In a single level Ordinary least-squares regression what is the Bo represented by?
Bo - coefficient
What does a least squares regression select?
What is the value called?
The line with the lowest total sum of squared prediction errors.
Sum of Squares of Error, or SSE.
What does the notation yi = B0 +B1xi + Ei mean?
Presents single level model.
I represents number of individuals in sample
What does the notation yij +B0 + B1xij+ Eij mean?
Two level notation, outcome y for individual(s) in cluster j(ranges from 1 to however many clusters we have. If there was a three level model we would include convention k to represent this.

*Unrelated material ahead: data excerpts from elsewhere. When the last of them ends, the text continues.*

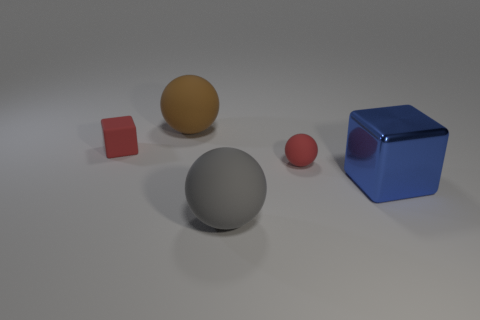What is the material of the sphere that is the same color as the small cube?
Give a very brief answer. Rubber. Are there more matte cubes than large yellow rubber objects?
Your answer should be very brief. Yes. There is a small rubber object on the right side of the large thing that is to the left of the big ball that is in front of the large metallic cube; what color is it?
Provide a succinct answer. Red. Is the material of the big sphere behind the red cube the same as the tiny red block?
Provide a succinct answer. Yes. Is there a small rubber object of the same color as the metal cube?
Your response must be concise. No. Are there any tiny red spheres?
Offer a very short reply. Yes. There is a rubber sphere that is right of the gray rubber ball; does it have the same size as the tiny red matte cube?
Make the answer very short. Yes. Are there fewer big gray objects than red matte things?
Keep it short and to the point. Yes. The big thing in front of the block that is right of the tiny red object that is in front of the red cube is what shape?
Offer a very short reply. Sphere. Is there a brown object made of the same material as the large gray object?
Your answer should be very brief. Yes. 
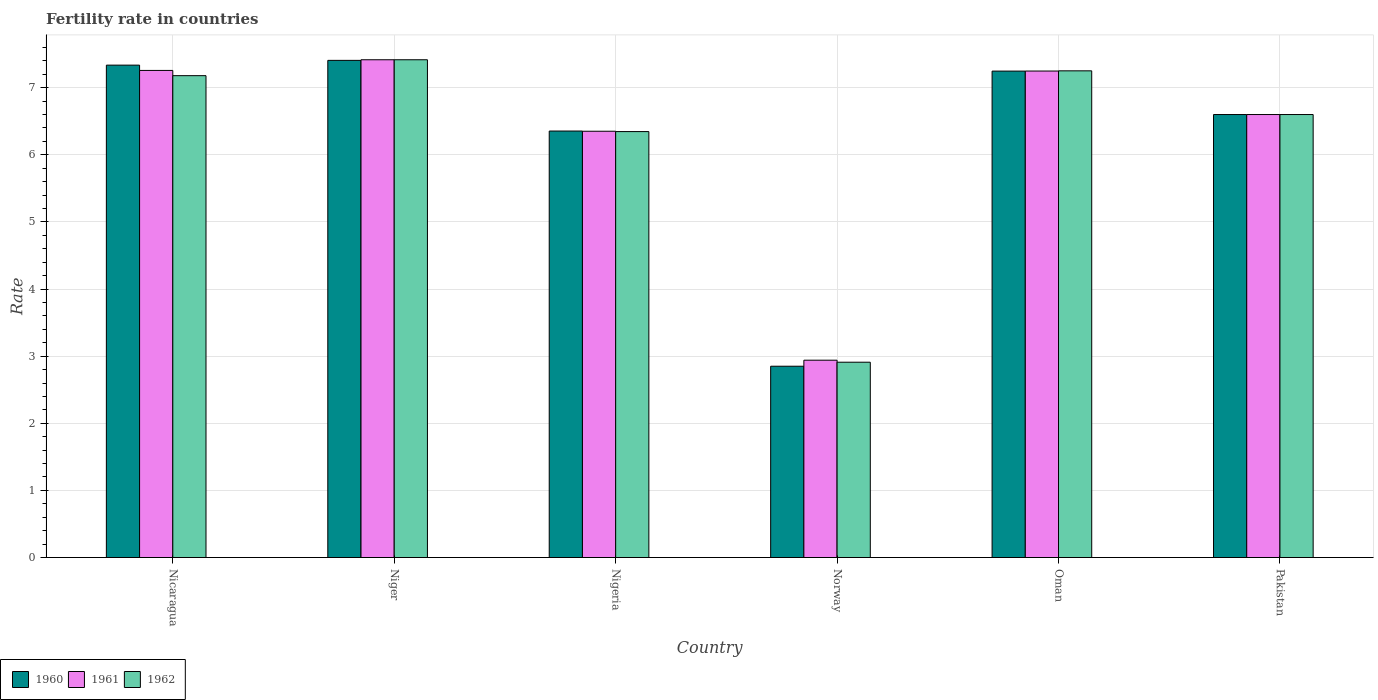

With clustered data, the residuals within each cluster are likely to be correlated. What does this mean?
Individuals within a cluster are likely to be more similar to one another than they are to individuals from another clusters
Explain what the formula yij = B0 + uj + Eij mean?
Uj represents distance from overall intercept B0 to group intercept
Eij represents distance from group level mean to observed data point at individual level
What is meant by partitioning variance?
Having two sources of variance - between groups variance and within group variance
What does we assume about epsilons?
They are normally distributed with a mean of 0 and variance of sigma squared e
What does the variance partition coefficient measure?
Proportion of total variance
is due to differences between groups
What is the formulae for variance partition coefficient?
Between group variance divided by total variance(between group variance plus within group variance)
What is the variance partition coefficient sometimes but not always equivalent to?
Intraclass correlation coefficient
What are two caveats of fitting a two level model and what is a possible solution?
- The random intercepts model introduced additional complexity.
- Did it result in a significant improvement in model fit? - We can test this with a likelihood-ratio test
What does a likelihood ratio test examine?
Group effects
What is the formulae for a likelihood ratio test?
D = -2 Log L2 (Fit of multilevel model) - -2 Log L1(Fit of single level model)
The deviance statistic (D) is compared against a X2 distribution with D.F. degrees of freedom.
What is the degrees of freedom?
The difference in the number of parameters in the multilevel vs. individual level model).